Goku banyak berkembang sepanjang Dragon Ball dan Dragon Ball Z, sehingga tidak banyak lagi yang bisa dilakukan cerita dengan karakternya. Cerita hanya bisa berfokus pada usahanya untuk terus menjadi yang terbaik dan menguasai Ultra Instinct. Namun, perkembangan karakter Vegeta adalah masalah yang sama sekali berbeda.
Pangeran Semua Saiyan adalah karakter dinamis yang banyak berubah sejak diperkenalkan dalam Saiyan Saga. Ia juga membawa banyak beban masa lalu. Sepanjang Dragon Ball Super, Vegeta belajar mengesampingkan harga dirinya. Ia menjadi mentor bagi Cabba dan mempertaruhkan hidupnya untuk anaknya saat mengetahui masa depan Trunks kembali terancam.
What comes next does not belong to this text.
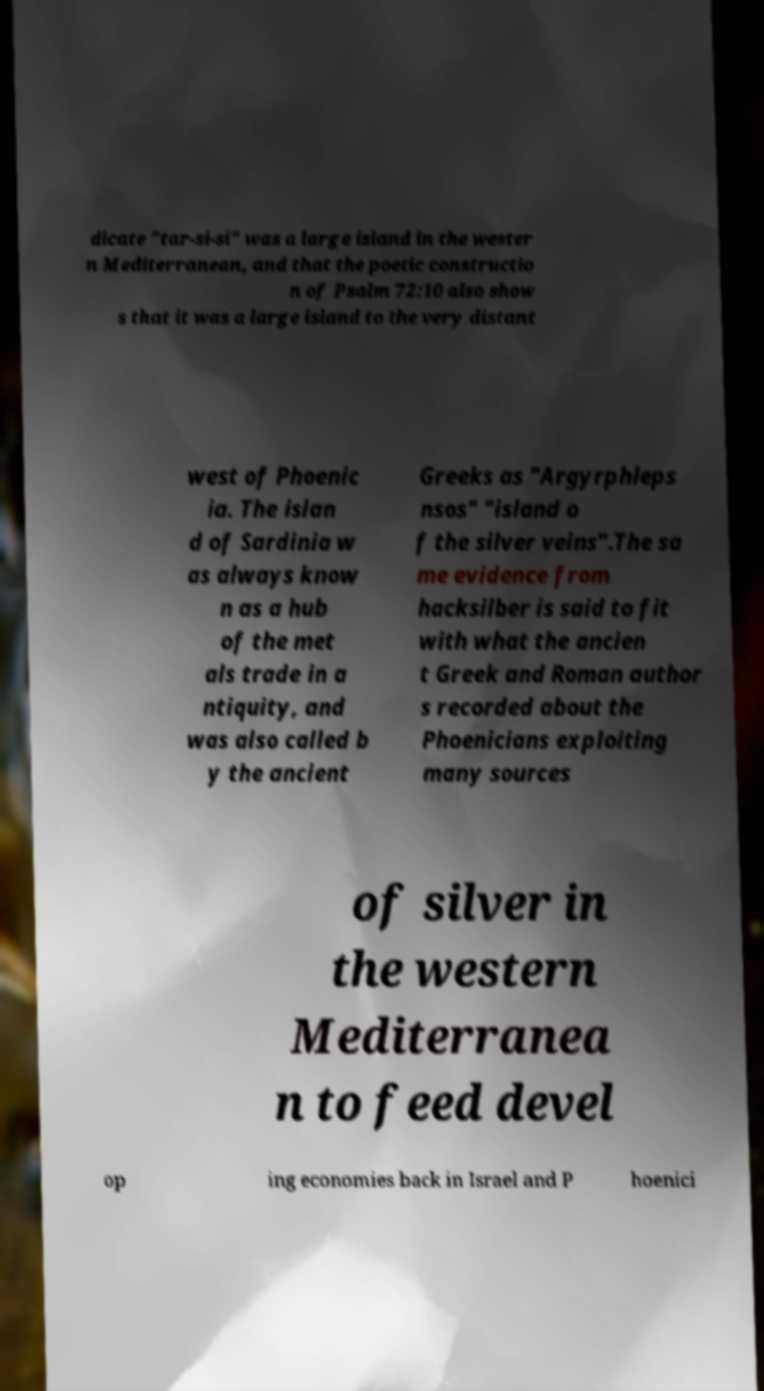What messages or text are displayed in this image? I need them in a readable, typed format. dicate "tar-si-si" was a large island in the wester n Mediterranean, and that the poetic constructio n of Psalm 72:10 also show s that it was a large island to the very distant west of Phoenic ia. The islan d of Sardinia w as always know n as a hub of the met als trade in a ntiquity, and was also called b y the ancient Greeks as "Argyrphleps nsos" "island o f the silver veins".The sa me evidence from hacksilber is said to fit with what the ancien t Greek and Roman author s recorded about the Phoenicians exploiting many sources of silver in the western Mediterranea n to feed devel op ing economies back in Israel and P hoenici 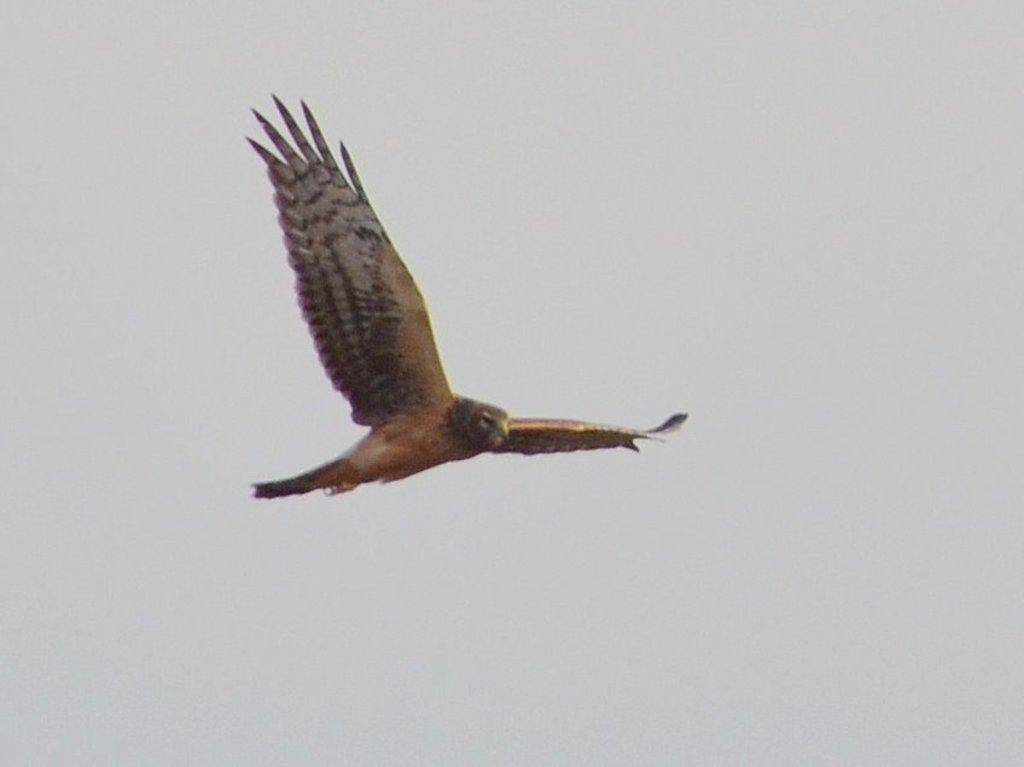In one or two sentences, can you explain what this image depicts? In this picture we can see an eagle flying, in the background there is sky.

Vegeta juga mencoba menebus dosa-dosanya di New Namek selama Moro Saga. Ia secara pribadi menganggap dirinya bertanggung jawab atas apa yang terjadi pada Broly dan Granolah. Vegeta akhirnya menerima bahwa ia tidak bisa terus mengejar kemenangan Goku. Ia memilih untuk berlatih sebagai seorang Destroyer di bawah Beerus untuk menemukan jalannya sendiri menuju kehebatan, menegaskan perannya sebagai karakter utama Vegeta yang kompleks.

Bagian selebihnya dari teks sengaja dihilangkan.